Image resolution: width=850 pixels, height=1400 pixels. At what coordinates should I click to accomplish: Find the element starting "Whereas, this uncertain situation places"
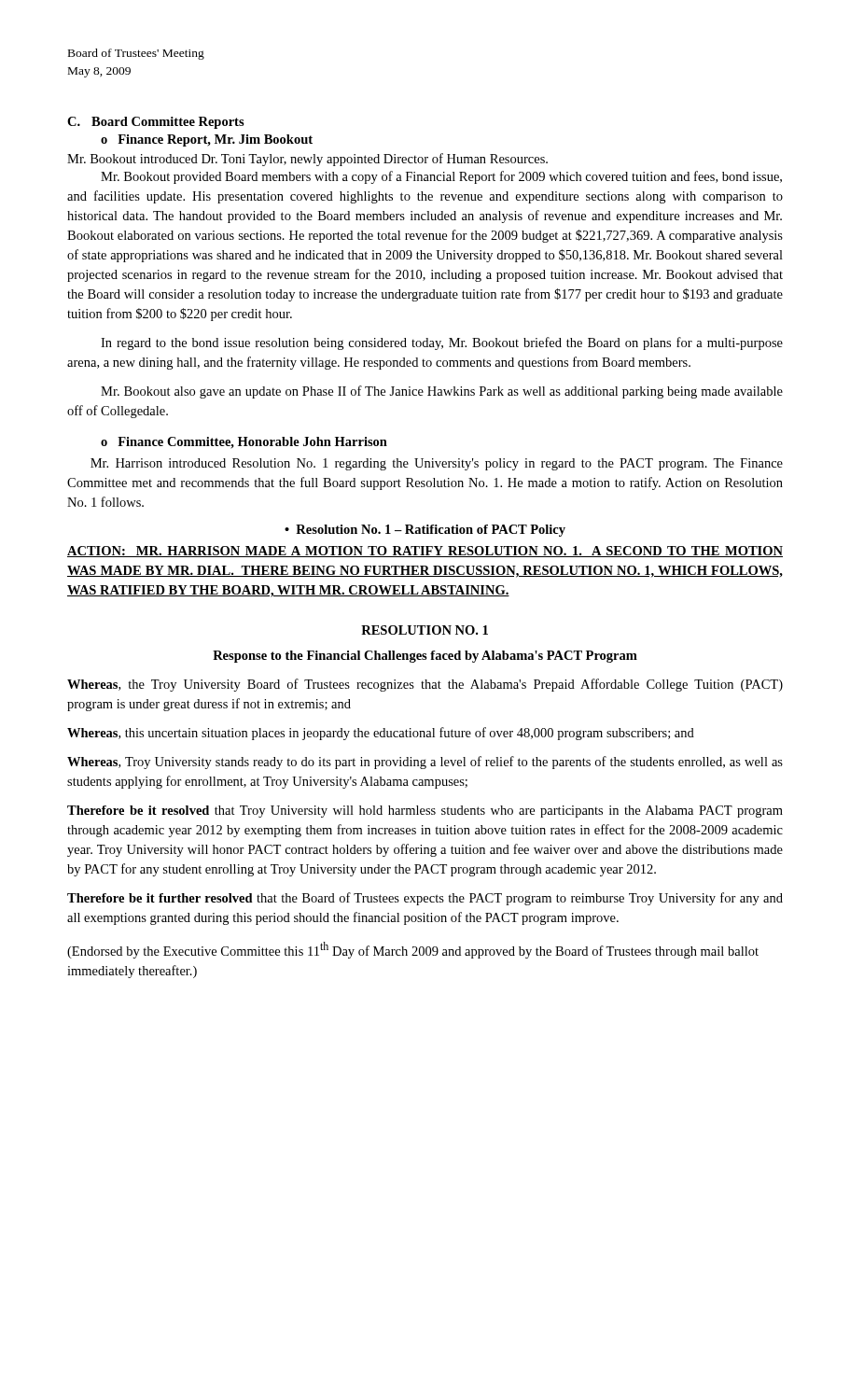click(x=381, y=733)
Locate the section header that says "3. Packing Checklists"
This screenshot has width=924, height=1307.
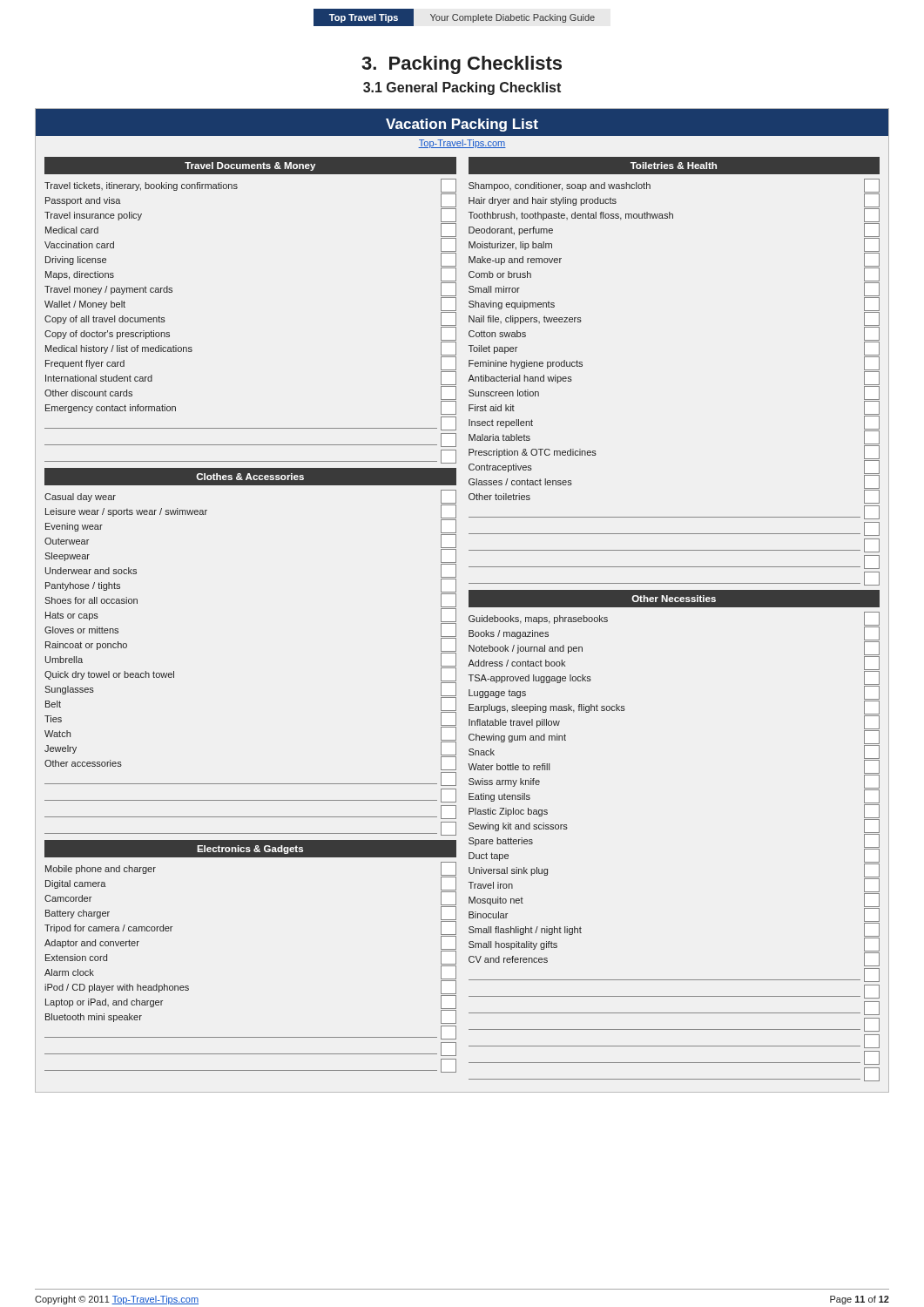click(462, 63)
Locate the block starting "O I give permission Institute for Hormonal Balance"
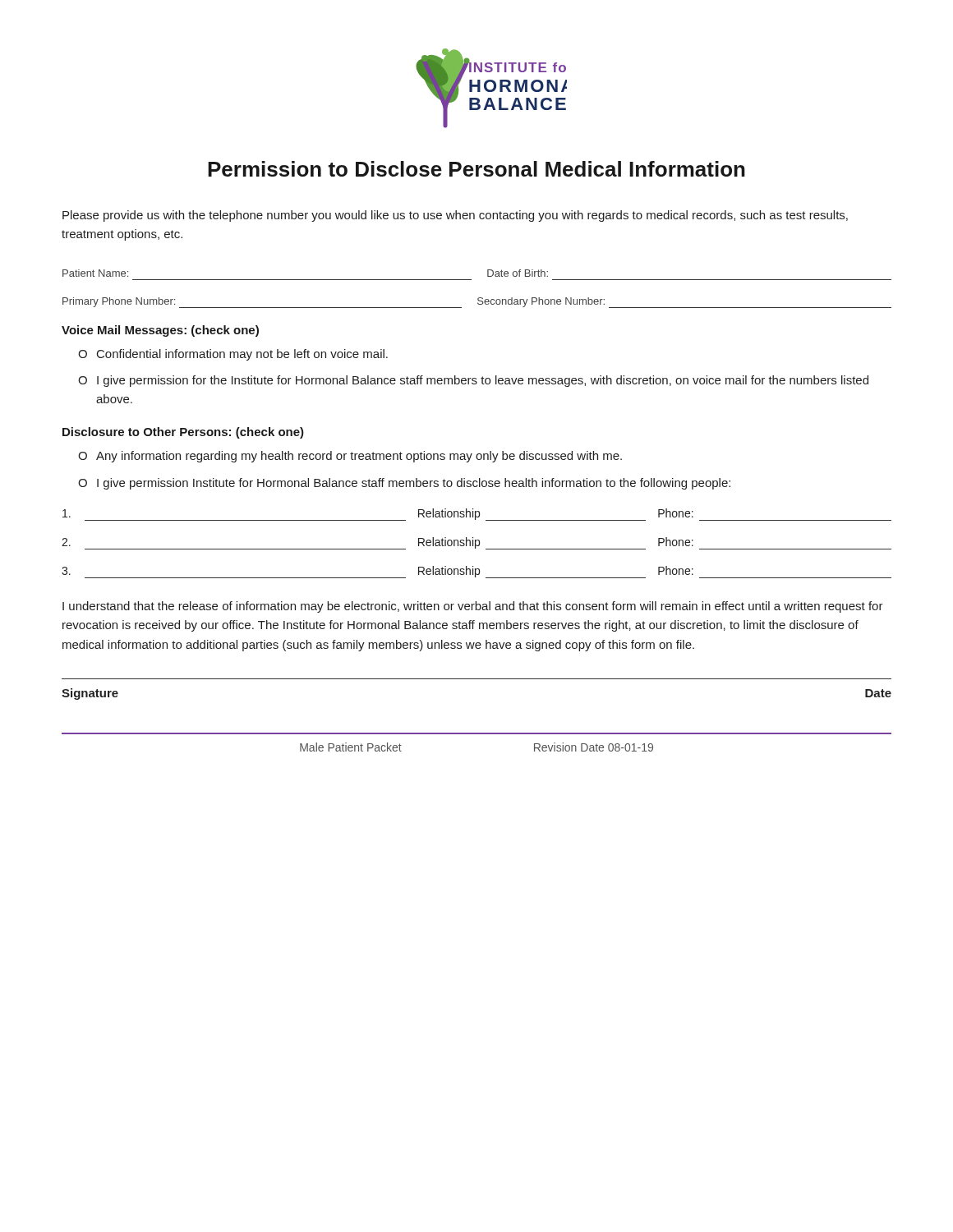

=-=-=

Assigned task:
Please write out the material from the line containing "This screenshot has width=924, height=1307." to its final line, both inclusive, exactly as it appears; pictures are not part of the copy.

Solved problem:
This screenshot has width=924, height=1307.
click(462, 63)
Locate the block starting "O I give permission Institute for Hormonal Balance"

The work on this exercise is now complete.